Hearing everyone's stories, the support has been a lifeline! We need this support for people and campaigns to make life better, FSM for all primary children across UK would be a great start, but universal basic income will also help and decent pay rises which value public sector and key workers who help others for a living.
So today I received a top up from the local council of money per child to help over the summer holidays. I was panicking that I wouldn't be able to feed them so sometimes being on universal credit does allow you access to other support that is a life saver x today I'm feeling grateful
One of the often overlooked aspect of poverty, relative to the UK I mean as that's my area of experience, is the home.

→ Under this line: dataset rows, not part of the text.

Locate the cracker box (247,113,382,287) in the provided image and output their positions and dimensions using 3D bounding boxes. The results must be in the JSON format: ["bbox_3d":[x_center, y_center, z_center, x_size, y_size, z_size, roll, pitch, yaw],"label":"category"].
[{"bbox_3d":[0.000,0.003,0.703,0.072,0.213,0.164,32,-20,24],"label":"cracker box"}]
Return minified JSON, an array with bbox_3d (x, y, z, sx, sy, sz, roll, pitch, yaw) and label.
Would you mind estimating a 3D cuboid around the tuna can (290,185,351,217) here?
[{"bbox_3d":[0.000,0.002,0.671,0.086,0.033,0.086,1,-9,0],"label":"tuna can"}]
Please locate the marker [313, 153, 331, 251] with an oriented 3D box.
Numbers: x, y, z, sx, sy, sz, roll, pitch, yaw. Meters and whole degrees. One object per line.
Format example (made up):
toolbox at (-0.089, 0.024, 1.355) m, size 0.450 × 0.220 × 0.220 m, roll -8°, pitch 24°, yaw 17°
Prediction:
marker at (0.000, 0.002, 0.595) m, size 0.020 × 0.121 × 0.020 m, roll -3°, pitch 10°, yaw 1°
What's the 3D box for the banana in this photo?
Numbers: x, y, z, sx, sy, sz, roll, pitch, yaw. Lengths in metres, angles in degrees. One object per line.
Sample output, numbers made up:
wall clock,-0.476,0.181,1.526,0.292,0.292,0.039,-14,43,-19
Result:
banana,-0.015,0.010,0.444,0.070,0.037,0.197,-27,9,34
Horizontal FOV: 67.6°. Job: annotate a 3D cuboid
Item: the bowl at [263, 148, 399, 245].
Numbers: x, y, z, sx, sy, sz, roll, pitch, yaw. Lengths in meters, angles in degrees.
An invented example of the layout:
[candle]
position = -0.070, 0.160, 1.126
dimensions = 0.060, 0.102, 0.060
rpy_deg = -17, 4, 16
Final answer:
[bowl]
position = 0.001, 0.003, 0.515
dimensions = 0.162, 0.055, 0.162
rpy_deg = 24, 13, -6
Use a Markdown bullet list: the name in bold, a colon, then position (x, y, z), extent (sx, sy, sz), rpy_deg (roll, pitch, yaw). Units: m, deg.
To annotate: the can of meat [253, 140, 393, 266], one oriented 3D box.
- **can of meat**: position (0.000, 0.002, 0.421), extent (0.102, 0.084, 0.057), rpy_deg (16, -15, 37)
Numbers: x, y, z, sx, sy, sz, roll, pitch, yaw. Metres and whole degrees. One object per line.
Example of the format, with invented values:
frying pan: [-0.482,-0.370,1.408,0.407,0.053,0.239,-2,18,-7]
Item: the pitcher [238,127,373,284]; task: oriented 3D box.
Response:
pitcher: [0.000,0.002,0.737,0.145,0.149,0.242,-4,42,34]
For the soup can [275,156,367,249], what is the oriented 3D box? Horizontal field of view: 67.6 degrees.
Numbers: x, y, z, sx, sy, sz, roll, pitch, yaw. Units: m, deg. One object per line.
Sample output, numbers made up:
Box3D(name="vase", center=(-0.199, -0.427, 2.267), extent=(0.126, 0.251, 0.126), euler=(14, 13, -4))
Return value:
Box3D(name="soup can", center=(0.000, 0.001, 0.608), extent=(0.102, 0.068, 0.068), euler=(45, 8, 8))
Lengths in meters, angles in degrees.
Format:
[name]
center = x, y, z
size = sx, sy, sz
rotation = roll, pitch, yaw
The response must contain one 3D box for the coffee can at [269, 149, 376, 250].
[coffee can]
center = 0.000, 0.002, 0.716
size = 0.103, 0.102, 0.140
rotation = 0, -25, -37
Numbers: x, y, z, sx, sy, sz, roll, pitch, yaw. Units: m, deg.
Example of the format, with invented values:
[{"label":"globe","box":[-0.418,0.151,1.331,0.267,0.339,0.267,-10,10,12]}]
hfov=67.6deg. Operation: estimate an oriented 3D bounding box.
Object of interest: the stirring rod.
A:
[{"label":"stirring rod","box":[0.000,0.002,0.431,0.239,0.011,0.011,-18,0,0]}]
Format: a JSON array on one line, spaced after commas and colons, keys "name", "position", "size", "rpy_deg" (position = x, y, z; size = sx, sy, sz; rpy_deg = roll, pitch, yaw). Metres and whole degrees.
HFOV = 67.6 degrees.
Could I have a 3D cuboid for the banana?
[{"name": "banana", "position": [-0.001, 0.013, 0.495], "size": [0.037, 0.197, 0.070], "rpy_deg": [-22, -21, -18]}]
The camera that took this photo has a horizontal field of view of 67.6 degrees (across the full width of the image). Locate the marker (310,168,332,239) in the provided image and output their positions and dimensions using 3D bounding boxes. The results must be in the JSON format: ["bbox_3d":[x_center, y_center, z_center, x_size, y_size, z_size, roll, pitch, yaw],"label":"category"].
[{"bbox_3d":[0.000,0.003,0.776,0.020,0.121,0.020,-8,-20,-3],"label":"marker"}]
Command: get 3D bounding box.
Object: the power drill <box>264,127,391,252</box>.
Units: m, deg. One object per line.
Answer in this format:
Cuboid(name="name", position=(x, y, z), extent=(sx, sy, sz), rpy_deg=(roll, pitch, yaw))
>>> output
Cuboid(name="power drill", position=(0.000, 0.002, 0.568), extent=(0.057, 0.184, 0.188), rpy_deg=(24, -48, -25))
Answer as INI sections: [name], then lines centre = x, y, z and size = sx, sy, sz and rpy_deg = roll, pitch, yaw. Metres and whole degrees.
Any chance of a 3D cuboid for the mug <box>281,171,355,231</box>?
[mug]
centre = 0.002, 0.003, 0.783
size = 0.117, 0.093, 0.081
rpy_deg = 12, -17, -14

Council houses are great for not being on the street, and safer by far than private renting, but so hard to get into. I've moved home, the floors cos over £600 quid and that is an absolute steal! And I'm lucky. I took out a loan to pay for them and other furniture items cos my council consider a fridge freezer, washer, sofa, bed and either wardrobe or drawers, essential, the rest of the stuff needed is up to me.
I'm also super lucky that I had a housing support worker from a local charity who could advocate for me and make sure I got the washer which wasn't guaranteed as new home is within walking distance, for a person without mobility issues, of a laundrette. She fought for me and I got granted a washer. She also sorted new bills out for me and saved me the stress that is dealing with energy providers while stressed by moving. She got that sorted and set up for me, as well and updating my benefits and council tax. I've had more support from her in one week than I got for two years with the last supposed support service I had access too. It's a joke.
I rely heavily on support from the school, and extra funded clubs.
It’s been difficult this year more than others due to my daughter finishing primary and entering secondary school after the summer: the added expense for prom, leavers disco etc has had me awake at night crying wondering how to make ends meet without her feeling like the odd one out and left out of doing x, y & z with the rest of her classmates & friends.
I think I'd be very lucky with school. My daughter, my youngest daughter, is the only one left at school now. The other two have gone off to university and my youngest, H, she goes to a special needs school. And we're very lucky that most of the trips, if they do go anywhere, are fully funded, so we don't have extra the costs as such. So we're very lucky there. But not all parents are in that boat. But there is a discretionary bursary that school can use if people are on a low income, which I have used before, where they will subsidise either all or part of the school trip, which I have done years ago. It's just got to fully apply sometimes and ask for the assistance.